# Retailer Silly Sales Pitches



## TheHammer (Dec 16, 2012)

While this thread does not fit completely in this topic area, I was hoping that others would share their stories of ridiculous claims made by sales people..

During one visit to a national retailer, the sales rep made two amazing claims within moments of each other:

1) A plasma set needs better HDMI cables than a LCD set because the Plasma set has a much higher refresh rate. Without those very expensive cables, the Blu Ray player will not be able to pass the 600 Hz on through.

2) An A/B amp is more likely to blow a speaker because at 1/3 volume, the speakers are directly connected to the wall plug.

I tried to refute 1) by explaining that the player passes on the same signal no matter what is connected and the refresh rate is generated within the TV but gave up. When he hit me with 2), I was polite enough to wait until I was outside to break into hysterical laughter.


----------



## cavchameleon (Jan 7, 2008)

This thread could develop into one of the funniest ones...

As far as your cable experience, I've seen that a LOT at Best Buy and other places - trying to sell you HDMI cables that cost half of what the bluray player cost.

On another note - I've seen (at high end stores) sales people trying to sell very high end power cables - yes, power cables.

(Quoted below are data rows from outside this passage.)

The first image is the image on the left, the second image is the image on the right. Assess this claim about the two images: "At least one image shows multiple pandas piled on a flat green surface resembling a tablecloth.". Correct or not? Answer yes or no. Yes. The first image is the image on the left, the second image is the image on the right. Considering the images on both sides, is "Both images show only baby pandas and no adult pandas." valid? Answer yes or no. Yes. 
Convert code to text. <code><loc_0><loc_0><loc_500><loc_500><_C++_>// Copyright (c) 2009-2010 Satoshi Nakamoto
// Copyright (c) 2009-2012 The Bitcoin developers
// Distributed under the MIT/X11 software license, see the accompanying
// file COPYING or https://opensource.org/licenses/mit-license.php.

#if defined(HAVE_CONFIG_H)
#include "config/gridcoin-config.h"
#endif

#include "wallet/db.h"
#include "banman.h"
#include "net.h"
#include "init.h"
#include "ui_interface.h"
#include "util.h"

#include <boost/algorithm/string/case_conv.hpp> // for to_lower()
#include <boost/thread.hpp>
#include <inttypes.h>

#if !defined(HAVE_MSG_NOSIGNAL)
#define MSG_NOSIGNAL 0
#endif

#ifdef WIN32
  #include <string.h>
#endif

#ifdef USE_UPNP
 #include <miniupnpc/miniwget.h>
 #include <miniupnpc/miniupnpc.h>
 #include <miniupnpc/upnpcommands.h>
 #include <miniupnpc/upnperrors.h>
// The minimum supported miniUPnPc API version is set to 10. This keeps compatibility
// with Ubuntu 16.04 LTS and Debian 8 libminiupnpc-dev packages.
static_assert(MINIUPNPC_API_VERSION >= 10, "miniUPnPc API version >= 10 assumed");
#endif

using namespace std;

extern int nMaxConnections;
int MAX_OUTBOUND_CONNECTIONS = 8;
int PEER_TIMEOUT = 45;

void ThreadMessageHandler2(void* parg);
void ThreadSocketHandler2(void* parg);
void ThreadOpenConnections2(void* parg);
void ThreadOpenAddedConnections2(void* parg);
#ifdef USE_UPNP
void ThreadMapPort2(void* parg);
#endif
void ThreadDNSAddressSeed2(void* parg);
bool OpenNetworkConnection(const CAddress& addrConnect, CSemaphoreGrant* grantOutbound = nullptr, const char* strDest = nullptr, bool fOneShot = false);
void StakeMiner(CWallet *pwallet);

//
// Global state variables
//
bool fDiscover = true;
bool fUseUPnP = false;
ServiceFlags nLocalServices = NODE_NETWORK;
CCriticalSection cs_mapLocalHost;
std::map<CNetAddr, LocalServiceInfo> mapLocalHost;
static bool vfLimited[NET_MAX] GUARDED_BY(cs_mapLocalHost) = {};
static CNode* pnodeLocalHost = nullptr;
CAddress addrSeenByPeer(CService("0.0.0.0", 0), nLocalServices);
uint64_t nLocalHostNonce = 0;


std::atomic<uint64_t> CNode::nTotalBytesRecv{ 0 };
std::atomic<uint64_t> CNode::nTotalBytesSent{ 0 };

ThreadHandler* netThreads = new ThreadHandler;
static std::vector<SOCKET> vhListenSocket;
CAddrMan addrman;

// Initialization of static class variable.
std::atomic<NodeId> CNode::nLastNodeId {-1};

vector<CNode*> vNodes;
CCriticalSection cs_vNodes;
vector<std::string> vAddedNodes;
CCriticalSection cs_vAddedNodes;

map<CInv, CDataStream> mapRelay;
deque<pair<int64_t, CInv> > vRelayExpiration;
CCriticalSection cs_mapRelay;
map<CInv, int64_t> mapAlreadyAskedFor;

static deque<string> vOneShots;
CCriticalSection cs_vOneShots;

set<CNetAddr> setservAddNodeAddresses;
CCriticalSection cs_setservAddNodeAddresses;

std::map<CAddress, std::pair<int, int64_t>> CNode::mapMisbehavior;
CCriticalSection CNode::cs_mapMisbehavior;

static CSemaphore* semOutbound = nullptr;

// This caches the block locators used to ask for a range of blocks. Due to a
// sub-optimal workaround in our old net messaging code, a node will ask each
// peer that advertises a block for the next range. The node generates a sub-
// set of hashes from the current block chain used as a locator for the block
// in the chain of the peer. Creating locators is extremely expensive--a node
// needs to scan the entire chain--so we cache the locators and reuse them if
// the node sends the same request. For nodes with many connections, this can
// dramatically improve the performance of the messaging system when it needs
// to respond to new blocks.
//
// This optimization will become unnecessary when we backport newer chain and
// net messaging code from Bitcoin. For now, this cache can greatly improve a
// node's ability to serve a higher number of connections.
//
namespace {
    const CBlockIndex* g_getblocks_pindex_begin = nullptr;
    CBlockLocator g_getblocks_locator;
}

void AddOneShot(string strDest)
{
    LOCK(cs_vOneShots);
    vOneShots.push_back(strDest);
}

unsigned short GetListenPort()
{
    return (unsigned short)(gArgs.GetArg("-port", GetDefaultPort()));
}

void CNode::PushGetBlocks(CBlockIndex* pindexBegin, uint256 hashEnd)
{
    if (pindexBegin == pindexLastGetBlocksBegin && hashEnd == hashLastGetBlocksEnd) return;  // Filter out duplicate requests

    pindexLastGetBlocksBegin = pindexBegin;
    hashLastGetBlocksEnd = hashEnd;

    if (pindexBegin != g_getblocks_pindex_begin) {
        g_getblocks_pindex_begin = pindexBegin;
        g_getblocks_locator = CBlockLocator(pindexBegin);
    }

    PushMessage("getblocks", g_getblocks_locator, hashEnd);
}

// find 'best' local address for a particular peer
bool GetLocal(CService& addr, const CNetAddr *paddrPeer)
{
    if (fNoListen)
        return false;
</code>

They claim "your bass will be deaper, your mids more detailed, and your highs crisper". Then I mention that it's plugged into a 50 cent outlet connected to 14AWG Romex which runs to your breaker box (could be 100' or so). How can the last 3'-6' high end power cable improve the power. They try to defend it on many levels be then have a hard time when you mention that the same power still has to go through the transformer and filters in the Amp/AVR and endes up the same on the output. 

I really wonder where some of them learn their 'science' when it comes to AV. There really is a lot of snake oil in the business. I always come back to the two main things that really make a difference in sound: the speakers and the room.


----------



## telemike (Apr 8, 2013)

If a cable is said to have bass slam, does that mean you can measure a +2 db bump at 50hz? It amuses me that expensive cables can affect frequency response, yet cannot be measured. How can a power cord affect frequency response?


----------



## TheHammer (Dec 16, 2012)

telemike said:


> If a cable is said to have bass slam, does that mean you can measure a +2 db bump at 50hz? It amuses me that expensive cables can affect frequency response, yet cannot be measured. How can a power cord affect frequency response?


Precisely, as you infer, the power cord cannot make a difference. I suppose a power cord could make an amp sound much worse, if it was highly resistive. That would also make the power cord overheat and become a toaster oven. But a power cord cannot make an amp sound better.

I keep waiting for some gov agency to sue some of these well know companies who claim their cables sound better. They are selling the proverbial snake oil.

So many of these products go back to the analog days. Then it was possible to make a claim that thicker cables or gold ends might, just maybe, make a difference or be more reliable. Or those anti-vibration disks on LPs maybe reduced rumble. But when the world of digital arrived, these poor companies just had to make stuff up.


----------



## 8086 (Aug 4, 2009)

I am one of those who is satisfied with a basic IEC cord from Radio Shack or Monoprice. 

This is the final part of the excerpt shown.